DESCRIPTION OF THE TASK: Copy each line of the records below, from the first through the one that contains "text − is het middel", exactly as written.

INPUT FOR THIS TASK:
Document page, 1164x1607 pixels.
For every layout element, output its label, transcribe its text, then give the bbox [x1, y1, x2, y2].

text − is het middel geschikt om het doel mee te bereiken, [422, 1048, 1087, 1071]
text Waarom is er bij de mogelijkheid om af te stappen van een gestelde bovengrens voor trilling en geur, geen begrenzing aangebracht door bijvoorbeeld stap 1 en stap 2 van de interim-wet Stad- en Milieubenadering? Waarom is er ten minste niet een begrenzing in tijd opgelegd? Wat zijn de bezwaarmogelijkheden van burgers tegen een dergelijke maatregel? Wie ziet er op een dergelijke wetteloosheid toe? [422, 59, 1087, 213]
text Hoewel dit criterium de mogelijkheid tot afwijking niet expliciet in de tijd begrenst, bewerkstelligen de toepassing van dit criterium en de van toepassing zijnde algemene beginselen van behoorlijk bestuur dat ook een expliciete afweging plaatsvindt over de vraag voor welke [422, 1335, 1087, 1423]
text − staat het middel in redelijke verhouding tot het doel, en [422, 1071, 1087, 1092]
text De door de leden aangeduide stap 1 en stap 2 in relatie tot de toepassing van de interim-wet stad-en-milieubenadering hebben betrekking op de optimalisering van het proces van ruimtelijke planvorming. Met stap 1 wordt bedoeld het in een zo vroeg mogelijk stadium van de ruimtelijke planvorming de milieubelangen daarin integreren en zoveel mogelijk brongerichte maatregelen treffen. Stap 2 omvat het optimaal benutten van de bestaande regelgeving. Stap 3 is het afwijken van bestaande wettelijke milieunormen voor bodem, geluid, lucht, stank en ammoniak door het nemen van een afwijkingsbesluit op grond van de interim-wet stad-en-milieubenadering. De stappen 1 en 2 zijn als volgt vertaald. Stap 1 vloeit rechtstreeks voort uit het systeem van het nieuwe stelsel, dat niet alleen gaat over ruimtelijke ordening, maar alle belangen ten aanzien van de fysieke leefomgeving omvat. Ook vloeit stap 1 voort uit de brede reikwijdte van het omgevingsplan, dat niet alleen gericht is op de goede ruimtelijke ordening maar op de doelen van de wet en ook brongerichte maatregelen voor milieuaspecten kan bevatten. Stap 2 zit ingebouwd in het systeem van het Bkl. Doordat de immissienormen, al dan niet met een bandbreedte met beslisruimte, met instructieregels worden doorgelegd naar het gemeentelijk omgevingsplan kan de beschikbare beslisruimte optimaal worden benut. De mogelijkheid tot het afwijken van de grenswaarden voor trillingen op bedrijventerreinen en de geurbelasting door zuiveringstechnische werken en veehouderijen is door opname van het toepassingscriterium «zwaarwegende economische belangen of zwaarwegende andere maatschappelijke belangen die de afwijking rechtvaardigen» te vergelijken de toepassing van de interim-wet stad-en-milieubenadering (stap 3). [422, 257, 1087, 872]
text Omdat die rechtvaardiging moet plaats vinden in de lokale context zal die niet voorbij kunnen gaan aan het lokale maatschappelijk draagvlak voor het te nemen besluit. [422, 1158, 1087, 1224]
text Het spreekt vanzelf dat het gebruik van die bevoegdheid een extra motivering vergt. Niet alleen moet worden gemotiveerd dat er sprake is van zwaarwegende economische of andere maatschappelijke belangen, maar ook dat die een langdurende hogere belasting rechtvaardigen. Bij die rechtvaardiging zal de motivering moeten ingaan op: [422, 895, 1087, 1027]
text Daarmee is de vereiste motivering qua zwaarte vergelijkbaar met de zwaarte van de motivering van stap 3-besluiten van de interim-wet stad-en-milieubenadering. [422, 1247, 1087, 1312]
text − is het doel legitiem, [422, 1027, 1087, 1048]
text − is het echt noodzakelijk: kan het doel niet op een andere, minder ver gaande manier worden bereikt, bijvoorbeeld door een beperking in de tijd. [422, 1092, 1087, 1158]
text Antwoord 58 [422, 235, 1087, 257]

RESPONSE AREA:
Document page, 1164x1607 pixels.
For every layout element, output its label, transcribe its text, then give the bbox [x1, y1, x2, y2].

text − is het middel geschikt om het doel mee te bereiken, [422, 1048, 1087, 1071]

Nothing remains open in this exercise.